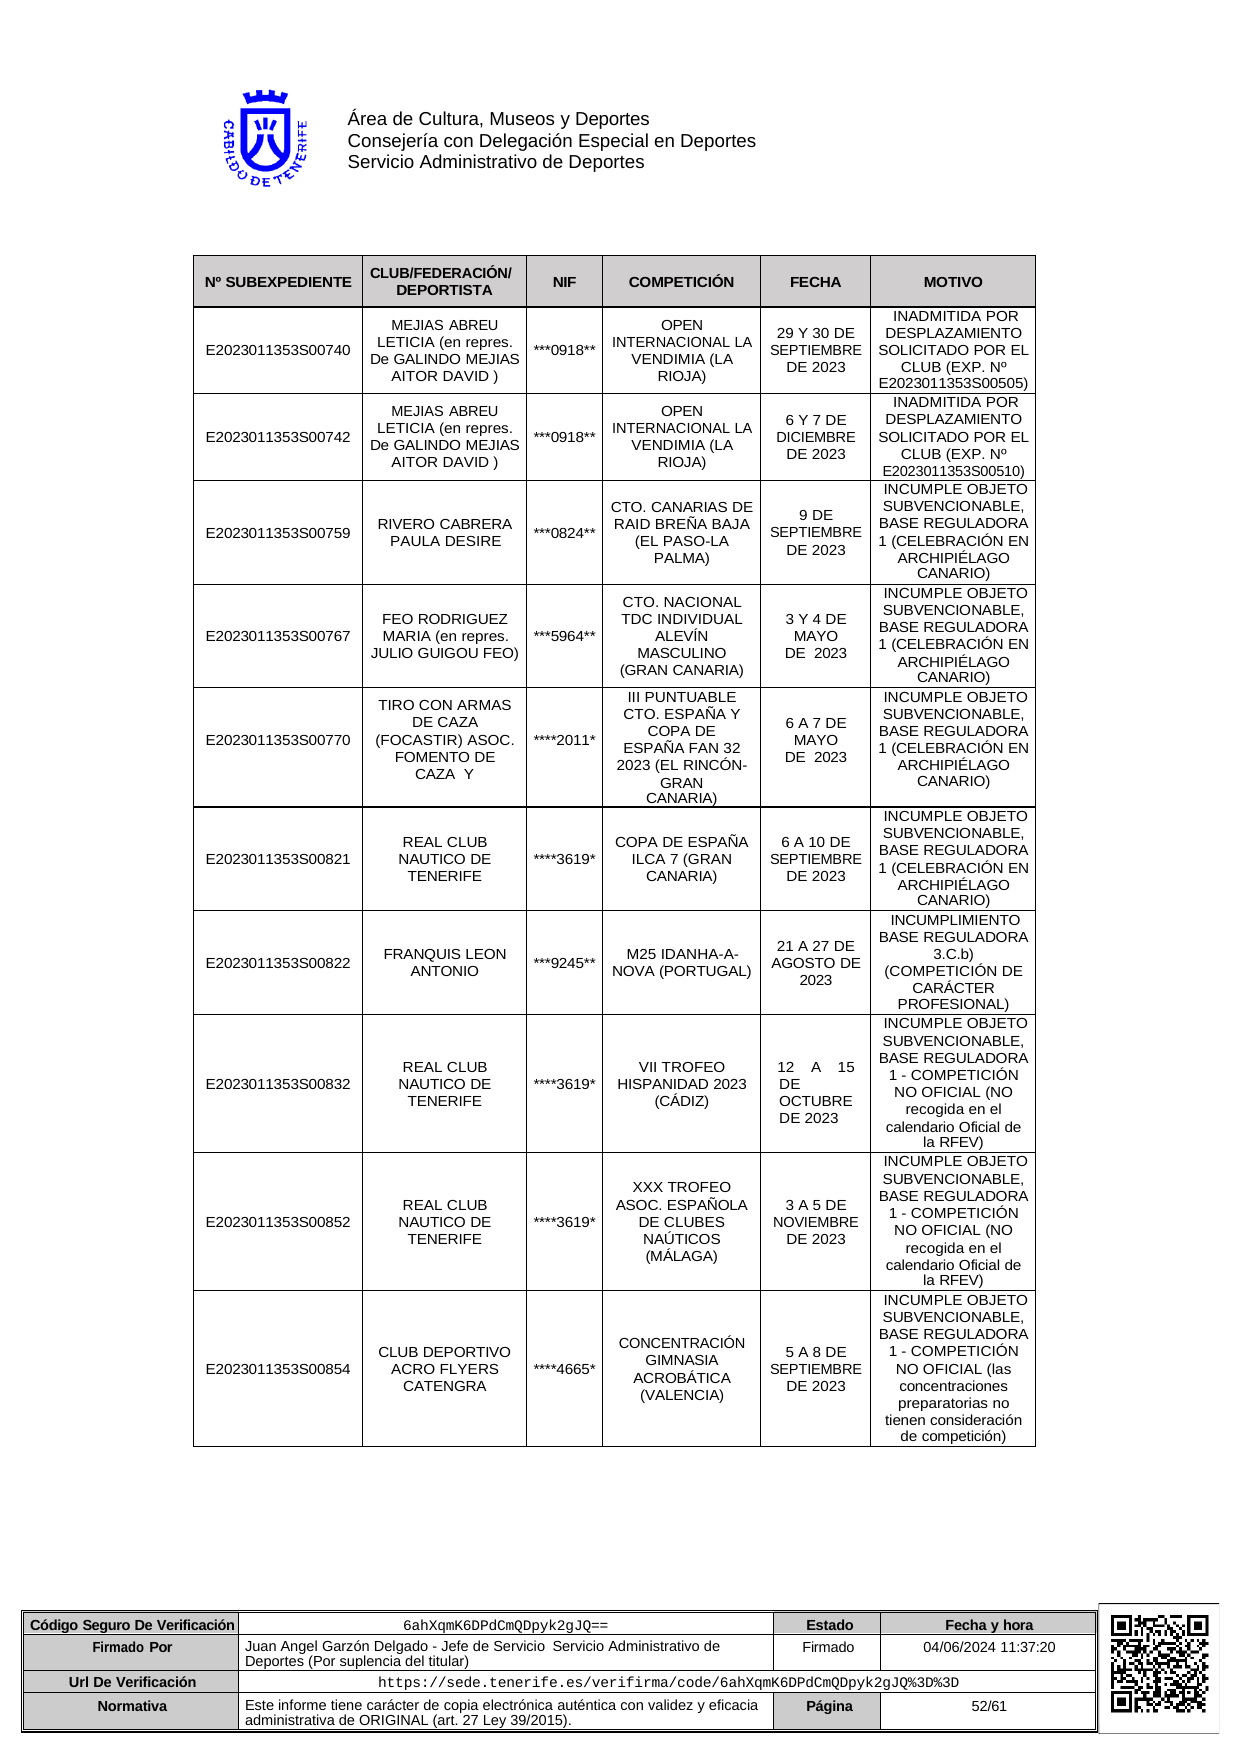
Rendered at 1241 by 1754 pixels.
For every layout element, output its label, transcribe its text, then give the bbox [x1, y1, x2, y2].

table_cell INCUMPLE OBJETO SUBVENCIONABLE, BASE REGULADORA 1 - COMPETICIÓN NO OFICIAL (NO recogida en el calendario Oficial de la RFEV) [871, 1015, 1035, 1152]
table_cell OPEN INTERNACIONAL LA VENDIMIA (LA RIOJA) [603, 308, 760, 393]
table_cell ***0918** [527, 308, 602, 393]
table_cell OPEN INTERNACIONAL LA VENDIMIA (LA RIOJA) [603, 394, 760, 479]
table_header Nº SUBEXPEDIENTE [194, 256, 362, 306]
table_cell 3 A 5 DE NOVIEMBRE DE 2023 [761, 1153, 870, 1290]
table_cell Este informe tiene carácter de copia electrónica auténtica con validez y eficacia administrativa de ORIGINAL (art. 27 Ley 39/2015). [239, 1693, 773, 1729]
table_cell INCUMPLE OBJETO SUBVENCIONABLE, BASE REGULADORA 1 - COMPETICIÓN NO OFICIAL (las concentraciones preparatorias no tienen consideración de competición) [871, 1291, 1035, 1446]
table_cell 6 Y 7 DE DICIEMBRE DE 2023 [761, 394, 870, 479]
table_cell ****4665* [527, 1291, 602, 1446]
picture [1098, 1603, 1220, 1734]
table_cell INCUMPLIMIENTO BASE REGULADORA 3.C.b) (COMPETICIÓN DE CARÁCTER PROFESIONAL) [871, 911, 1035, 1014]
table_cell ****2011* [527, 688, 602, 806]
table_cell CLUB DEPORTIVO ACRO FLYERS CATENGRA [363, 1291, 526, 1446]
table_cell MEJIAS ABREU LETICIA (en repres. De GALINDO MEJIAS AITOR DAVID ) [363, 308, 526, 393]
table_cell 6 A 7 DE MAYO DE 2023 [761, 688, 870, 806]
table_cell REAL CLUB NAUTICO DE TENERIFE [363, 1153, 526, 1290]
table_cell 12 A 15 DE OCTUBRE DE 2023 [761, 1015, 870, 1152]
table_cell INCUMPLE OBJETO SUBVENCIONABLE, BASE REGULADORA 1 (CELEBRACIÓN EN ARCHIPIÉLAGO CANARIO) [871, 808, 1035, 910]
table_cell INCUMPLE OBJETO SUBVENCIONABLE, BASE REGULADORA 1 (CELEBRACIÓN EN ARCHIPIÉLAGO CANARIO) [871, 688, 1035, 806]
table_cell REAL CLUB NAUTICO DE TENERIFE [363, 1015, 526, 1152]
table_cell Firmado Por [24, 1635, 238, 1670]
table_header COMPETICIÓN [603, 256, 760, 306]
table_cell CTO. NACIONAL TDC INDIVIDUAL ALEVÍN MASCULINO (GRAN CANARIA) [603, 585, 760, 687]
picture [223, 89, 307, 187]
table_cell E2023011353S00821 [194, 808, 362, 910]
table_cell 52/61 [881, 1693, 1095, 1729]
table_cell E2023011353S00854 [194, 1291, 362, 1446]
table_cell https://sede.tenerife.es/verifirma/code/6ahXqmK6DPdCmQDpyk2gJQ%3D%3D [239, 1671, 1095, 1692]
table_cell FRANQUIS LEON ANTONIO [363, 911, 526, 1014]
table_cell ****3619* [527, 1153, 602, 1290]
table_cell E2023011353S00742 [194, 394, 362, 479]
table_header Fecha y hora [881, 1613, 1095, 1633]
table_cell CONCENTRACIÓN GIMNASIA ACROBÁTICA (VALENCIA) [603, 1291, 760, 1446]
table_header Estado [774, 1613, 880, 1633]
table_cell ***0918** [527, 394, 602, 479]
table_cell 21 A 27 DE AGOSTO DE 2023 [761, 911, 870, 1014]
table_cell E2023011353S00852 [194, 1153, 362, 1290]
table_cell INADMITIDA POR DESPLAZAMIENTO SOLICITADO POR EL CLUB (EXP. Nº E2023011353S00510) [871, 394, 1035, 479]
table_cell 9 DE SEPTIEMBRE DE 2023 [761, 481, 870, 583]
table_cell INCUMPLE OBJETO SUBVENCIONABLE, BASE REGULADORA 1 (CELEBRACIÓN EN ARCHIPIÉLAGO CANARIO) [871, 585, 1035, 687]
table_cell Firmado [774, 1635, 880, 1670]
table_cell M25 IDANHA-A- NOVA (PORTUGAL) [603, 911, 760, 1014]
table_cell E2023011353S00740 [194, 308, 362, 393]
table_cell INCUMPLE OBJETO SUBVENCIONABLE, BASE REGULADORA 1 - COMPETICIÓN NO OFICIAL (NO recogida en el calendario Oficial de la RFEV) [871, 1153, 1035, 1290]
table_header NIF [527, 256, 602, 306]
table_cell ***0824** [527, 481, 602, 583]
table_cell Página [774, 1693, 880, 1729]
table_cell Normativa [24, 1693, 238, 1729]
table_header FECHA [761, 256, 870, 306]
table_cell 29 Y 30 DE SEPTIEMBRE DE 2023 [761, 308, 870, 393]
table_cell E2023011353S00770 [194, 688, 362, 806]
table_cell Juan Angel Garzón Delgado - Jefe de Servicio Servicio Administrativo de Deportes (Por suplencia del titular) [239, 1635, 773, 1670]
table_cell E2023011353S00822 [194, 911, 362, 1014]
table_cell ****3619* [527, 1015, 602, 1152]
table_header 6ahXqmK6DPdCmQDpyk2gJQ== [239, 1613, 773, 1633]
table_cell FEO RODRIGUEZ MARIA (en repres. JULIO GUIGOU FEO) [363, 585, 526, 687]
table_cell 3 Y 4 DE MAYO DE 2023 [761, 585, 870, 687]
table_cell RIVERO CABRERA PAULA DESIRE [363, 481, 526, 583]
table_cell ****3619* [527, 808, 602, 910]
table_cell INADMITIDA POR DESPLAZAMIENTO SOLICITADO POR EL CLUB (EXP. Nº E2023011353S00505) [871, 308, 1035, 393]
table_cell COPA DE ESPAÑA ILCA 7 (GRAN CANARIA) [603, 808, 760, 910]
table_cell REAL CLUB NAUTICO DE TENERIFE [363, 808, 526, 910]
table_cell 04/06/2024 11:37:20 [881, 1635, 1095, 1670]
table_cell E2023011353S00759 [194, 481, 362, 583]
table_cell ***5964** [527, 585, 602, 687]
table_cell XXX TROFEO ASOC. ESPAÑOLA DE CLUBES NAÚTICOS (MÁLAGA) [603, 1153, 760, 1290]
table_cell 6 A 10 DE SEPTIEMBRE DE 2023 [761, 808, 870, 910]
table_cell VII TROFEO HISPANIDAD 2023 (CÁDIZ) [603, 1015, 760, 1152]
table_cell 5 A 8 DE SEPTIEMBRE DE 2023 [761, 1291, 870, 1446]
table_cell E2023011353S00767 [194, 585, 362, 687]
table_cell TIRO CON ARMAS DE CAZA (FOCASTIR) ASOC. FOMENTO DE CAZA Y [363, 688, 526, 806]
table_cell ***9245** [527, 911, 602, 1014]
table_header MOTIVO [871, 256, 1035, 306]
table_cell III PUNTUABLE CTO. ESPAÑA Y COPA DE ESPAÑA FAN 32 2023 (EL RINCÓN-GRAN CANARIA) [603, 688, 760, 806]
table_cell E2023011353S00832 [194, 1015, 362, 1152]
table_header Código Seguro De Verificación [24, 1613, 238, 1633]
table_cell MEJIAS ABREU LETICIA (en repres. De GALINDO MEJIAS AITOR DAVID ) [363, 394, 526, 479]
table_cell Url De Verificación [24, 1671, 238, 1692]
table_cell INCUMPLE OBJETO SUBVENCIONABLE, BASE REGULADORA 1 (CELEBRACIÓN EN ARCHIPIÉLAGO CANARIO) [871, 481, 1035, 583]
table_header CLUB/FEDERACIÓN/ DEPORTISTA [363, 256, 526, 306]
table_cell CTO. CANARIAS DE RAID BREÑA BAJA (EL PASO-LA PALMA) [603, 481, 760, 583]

===============

*WHAT THIS TASK INVOLVES*
From the line holding "table_cell ***5964** [527, 585, 602, 687]" through the final line of the data above, copy every line exactly as written. Include nothing else.

*ANSWER SPACE*
table_cell ***5964** [527, 585, 602, 687]
table_cell XXX TROFEO ASOC. ESPAÑOLA DE CLUBES NAÚTICOS (MÁLAGA) [603, 1153, 760, 1290]
table_cell 6 A 10 DE SEPTIEMBRE DE 2023 [761, 808, 870, 910]
table_cell VII TROFEO HISPANIDAD 2023 (CÁDIZ) [603, 1015, 760, 1152]
table_cell 5 A 8 DE SEPTIEMBRE DE 2023 [761, 1291, 870, 1446]
table_cell E2023011353S00767 [194, 585, 362, 687]
table_cell TIRO CON ARMAS DE CAZA (FOCASTIR) ASOC. FOMENTO DE CAZA Y [363, 688, 526, 806]
table_cell ***9245** [527, 911, 602, 1014]
table_header MOTIVO [871, 256, 1035, 306]
table_cell III PUNTUABLE CTO. ESPAÑA Y COPA DE ESPAÑA FAN 32 2023 (EL RINCÓN-GRAN CANARIA) [603, 688, 760, 806]
table_cell E2023011353S00832 [194, 1015, 362, 1152]
table_header Código Seguro De Verificación [24, 1613, 238, 1633]
table_cell MEJIAS ABREU LETICIA (en repres. De GALINDO MEJIAS AITOR DAVID ) [363, 394, 526, 479]
table_cell Url De Verificación [24, 1671, 238, 1692]
table_cell INCUMPLE OBJETO SUBVENCIONABLE, BASE REGULADORA 1 (CELEBRACIÓN EN ARCHIPIÉLAGO CANARIO) [871, 481, 1035, 583]
table_header CLUB/FEDERACIÓN/ DEPORTISTA [363, 256, 526, 306]
table_cell CTO. CANARIAS DE RAID BREÑA BAJA (EL PASO-LA PALMA) [603, 481, 760, 583]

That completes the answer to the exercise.